Returns the number of statements removed from the ACL's internal model as a result of the removal. (This will normally be at least 3.)

This authorisation is not automatically saved, so it is probably useful to call save() after removing authorisations.

$acl->save($format, $filename)

Serialises a local (not remote) ACL.

$format can be any format supported by rdf_string (see the RDF::Trine::Shortcuts manpage).

If $filename is provided, this function writes to the file and returns the new file size in bytes.

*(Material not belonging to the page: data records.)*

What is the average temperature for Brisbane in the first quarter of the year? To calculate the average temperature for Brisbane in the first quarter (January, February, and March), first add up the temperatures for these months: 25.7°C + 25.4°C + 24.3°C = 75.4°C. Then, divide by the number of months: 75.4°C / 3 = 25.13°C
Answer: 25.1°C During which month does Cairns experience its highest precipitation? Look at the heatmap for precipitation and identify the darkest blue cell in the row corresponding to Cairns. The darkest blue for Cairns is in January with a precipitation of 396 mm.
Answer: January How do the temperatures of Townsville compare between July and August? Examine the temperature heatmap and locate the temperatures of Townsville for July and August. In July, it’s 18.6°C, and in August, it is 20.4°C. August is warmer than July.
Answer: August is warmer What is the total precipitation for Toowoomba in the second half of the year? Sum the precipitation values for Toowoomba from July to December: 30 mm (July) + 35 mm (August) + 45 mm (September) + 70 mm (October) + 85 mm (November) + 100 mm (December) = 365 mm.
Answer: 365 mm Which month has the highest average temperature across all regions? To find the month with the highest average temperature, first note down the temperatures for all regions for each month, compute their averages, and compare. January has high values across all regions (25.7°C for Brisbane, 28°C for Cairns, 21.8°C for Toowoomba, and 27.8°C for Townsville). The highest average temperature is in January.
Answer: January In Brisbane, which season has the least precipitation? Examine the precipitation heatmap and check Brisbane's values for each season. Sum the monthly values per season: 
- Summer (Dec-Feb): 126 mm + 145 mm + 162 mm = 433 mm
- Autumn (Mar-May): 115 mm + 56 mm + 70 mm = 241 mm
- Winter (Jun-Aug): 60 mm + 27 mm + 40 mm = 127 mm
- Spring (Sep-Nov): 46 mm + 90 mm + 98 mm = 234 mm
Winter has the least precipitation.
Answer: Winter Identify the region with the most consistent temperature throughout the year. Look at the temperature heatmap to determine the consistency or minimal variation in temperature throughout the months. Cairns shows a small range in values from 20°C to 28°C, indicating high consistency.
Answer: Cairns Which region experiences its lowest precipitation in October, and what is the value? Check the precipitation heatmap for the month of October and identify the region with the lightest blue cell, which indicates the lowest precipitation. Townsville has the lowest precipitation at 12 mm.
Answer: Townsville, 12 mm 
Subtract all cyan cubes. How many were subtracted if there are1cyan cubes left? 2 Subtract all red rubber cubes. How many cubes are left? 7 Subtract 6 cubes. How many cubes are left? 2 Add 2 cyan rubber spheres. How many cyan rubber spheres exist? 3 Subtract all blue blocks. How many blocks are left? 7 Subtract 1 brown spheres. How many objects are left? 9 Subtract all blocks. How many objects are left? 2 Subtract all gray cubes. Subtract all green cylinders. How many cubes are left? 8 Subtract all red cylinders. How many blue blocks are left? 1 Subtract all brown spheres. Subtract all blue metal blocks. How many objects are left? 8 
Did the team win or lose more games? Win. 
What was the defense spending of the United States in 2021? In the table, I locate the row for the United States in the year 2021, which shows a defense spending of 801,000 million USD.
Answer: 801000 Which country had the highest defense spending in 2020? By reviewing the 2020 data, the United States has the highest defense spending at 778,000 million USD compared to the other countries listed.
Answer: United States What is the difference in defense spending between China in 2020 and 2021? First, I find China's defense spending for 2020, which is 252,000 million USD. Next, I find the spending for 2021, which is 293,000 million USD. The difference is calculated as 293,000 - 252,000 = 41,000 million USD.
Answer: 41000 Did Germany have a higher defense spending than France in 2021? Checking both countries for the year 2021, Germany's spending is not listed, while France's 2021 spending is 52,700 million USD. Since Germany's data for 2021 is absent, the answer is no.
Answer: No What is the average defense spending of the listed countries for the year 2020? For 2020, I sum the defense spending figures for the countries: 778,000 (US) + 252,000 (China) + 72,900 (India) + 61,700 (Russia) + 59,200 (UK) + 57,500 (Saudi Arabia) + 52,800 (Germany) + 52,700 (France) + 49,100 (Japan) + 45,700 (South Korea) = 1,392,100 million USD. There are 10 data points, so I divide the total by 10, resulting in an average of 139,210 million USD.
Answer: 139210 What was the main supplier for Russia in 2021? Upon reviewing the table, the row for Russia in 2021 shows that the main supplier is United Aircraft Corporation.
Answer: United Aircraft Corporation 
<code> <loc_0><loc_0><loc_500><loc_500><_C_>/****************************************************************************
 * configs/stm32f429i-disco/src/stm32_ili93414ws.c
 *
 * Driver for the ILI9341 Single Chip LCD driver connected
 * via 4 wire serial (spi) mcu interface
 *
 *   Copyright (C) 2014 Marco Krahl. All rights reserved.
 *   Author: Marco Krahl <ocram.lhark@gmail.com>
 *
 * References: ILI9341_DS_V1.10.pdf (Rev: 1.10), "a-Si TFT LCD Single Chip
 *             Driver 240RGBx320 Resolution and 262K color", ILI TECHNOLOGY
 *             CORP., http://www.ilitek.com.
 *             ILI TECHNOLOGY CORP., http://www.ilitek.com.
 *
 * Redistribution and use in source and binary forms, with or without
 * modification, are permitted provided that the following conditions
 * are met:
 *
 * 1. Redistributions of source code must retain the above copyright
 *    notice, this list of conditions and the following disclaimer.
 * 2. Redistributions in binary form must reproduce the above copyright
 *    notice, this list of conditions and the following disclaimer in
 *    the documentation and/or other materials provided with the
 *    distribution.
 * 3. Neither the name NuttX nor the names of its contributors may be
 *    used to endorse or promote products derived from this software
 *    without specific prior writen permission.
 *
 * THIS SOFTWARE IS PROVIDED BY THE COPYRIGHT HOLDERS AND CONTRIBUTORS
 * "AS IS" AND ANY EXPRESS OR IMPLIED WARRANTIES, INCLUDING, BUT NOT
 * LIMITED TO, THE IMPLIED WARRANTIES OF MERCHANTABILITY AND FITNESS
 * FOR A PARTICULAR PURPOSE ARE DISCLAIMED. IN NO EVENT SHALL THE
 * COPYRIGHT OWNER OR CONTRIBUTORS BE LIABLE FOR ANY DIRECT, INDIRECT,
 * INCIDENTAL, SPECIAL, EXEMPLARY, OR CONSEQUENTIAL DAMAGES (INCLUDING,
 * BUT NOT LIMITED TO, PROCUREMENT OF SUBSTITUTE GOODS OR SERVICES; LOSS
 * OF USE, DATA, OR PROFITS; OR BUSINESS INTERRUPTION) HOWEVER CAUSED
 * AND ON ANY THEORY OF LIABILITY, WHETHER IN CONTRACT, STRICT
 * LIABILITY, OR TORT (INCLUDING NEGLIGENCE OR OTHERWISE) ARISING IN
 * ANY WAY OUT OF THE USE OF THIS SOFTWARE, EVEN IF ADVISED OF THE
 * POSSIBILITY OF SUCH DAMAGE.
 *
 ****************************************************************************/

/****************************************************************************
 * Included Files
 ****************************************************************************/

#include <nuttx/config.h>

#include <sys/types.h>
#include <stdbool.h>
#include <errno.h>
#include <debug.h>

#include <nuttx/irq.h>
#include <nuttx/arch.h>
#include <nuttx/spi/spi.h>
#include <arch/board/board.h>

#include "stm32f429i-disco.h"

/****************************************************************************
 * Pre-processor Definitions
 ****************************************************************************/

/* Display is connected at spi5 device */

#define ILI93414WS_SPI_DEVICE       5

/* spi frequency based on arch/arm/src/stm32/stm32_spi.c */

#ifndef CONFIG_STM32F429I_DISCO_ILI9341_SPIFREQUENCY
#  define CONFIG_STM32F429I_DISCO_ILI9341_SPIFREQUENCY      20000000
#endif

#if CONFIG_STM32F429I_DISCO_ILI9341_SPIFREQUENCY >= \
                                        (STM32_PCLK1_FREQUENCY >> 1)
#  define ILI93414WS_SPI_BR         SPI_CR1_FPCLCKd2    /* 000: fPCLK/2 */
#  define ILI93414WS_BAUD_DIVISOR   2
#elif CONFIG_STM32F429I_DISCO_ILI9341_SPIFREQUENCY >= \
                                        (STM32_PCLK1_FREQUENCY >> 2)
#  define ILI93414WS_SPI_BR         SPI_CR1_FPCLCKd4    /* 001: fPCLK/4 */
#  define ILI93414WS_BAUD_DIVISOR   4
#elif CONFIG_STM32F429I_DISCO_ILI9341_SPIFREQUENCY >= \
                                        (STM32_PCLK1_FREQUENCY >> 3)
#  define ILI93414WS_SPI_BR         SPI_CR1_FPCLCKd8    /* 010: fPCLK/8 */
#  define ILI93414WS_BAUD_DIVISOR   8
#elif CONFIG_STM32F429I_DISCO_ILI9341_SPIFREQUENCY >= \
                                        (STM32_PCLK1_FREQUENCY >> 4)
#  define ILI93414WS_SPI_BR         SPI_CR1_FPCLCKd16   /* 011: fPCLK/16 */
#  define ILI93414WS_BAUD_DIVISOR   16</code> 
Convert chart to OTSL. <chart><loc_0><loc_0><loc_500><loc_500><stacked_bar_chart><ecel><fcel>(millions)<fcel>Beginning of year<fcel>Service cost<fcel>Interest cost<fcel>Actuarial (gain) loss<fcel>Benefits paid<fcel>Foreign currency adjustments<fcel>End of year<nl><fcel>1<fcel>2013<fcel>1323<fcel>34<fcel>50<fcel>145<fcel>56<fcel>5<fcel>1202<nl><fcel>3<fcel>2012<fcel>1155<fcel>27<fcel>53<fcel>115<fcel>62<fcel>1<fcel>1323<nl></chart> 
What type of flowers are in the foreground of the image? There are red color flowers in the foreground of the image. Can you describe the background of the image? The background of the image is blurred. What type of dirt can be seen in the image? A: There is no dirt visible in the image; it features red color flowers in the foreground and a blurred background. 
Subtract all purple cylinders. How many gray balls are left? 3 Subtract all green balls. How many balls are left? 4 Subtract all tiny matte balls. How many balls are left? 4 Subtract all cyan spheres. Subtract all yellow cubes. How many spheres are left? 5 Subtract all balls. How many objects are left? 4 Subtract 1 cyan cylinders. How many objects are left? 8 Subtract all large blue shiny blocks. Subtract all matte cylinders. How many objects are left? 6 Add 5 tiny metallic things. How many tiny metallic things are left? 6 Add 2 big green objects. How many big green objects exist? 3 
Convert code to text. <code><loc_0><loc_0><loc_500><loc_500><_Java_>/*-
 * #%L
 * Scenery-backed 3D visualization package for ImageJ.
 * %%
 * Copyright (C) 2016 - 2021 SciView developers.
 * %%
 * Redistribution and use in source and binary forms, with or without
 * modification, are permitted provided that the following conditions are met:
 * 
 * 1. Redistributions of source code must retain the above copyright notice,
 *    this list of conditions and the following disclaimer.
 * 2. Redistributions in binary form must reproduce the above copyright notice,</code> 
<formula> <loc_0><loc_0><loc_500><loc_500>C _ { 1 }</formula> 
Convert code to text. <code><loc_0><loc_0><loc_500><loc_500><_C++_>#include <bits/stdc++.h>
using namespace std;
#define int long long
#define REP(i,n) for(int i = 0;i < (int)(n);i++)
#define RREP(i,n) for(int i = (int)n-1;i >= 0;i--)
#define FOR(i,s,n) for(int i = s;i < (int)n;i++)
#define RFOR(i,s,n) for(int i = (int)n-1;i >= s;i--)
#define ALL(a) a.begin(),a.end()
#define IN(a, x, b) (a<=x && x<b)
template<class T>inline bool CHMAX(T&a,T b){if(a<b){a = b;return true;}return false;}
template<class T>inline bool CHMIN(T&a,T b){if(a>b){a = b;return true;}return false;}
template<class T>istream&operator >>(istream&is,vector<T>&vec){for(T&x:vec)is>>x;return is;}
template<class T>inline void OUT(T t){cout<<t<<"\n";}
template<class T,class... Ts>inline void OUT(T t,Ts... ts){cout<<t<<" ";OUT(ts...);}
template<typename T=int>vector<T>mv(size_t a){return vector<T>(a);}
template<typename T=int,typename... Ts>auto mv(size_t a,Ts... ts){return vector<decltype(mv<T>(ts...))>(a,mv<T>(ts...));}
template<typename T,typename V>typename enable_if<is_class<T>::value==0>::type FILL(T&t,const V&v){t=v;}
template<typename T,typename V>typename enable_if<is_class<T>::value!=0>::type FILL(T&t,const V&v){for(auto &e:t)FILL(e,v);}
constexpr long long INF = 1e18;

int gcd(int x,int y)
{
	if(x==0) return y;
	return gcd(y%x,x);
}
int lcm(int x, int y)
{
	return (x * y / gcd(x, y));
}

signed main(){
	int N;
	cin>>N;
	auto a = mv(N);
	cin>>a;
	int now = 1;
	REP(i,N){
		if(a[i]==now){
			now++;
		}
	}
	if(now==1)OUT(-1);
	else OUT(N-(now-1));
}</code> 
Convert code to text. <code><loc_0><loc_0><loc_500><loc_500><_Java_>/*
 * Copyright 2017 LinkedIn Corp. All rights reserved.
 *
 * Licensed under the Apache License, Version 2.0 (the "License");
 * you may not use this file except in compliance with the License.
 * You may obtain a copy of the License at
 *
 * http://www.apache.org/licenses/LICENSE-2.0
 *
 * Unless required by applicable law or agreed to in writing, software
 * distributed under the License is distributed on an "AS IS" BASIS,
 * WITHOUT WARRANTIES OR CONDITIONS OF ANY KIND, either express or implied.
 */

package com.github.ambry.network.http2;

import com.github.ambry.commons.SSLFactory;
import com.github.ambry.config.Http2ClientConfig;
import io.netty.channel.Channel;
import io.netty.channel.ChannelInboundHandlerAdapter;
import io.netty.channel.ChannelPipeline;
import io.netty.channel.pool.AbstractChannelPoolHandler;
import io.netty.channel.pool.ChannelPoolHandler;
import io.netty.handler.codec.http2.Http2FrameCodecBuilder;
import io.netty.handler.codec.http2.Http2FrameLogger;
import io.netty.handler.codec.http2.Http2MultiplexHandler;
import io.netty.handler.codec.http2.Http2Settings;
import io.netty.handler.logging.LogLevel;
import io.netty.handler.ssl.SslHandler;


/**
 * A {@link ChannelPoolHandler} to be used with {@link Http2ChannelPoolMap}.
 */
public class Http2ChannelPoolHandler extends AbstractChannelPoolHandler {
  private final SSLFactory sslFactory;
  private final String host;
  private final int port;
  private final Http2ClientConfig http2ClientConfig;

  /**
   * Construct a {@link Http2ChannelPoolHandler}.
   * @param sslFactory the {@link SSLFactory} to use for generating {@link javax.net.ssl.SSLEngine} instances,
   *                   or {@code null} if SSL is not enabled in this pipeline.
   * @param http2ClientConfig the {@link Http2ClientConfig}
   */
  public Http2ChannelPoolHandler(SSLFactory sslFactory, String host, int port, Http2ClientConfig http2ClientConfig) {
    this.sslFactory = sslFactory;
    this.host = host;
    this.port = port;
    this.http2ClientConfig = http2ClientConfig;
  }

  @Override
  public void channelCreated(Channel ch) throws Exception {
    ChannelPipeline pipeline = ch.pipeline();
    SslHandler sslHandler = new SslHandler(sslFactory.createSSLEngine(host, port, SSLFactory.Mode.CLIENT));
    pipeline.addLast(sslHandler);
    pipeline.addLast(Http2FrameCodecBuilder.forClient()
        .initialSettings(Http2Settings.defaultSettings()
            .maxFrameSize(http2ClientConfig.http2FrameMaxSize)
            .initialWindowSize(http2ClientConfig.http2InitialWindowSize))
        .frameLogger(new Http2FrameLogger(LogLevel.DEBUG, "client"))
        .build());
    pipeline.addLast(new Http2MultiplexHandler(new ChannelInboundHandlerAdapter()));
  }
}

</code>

If $filename is omitted, this function does not attempt to write to a file, and simply returns the string it would have written.

$acl->is_remote

Returns true if the ACL is remote; false if local.

$acl->is_mutable

Can this ACL be modified?

$acl->model

The graph model against which authorisation checks are made.

Returned as an the RDF::Trine::Model manpage object.

$acl->endpoint

The endpoint URI for remote (non-local) ACL queries.

Returned as a URI object.


BUGS

Please report any bugs to http://rt.cpan.org/.


SEE ALSO

the CGI::Auth::FOAF_SSL manpage.

http://www.w3.org/ns/auth/acl.n3.

http://www.perlrdf.org/, http://lists.foaf-project.org/mailman/listinfo/foaf-protocols.


AUTHOR

Toby Inkster <tobyink@cpan.org>.


COPYRIGHT

Copyright 2010 Toby Inkster

This library is free software; you can redistribute it and/or modify it under the same terms as Perl itself.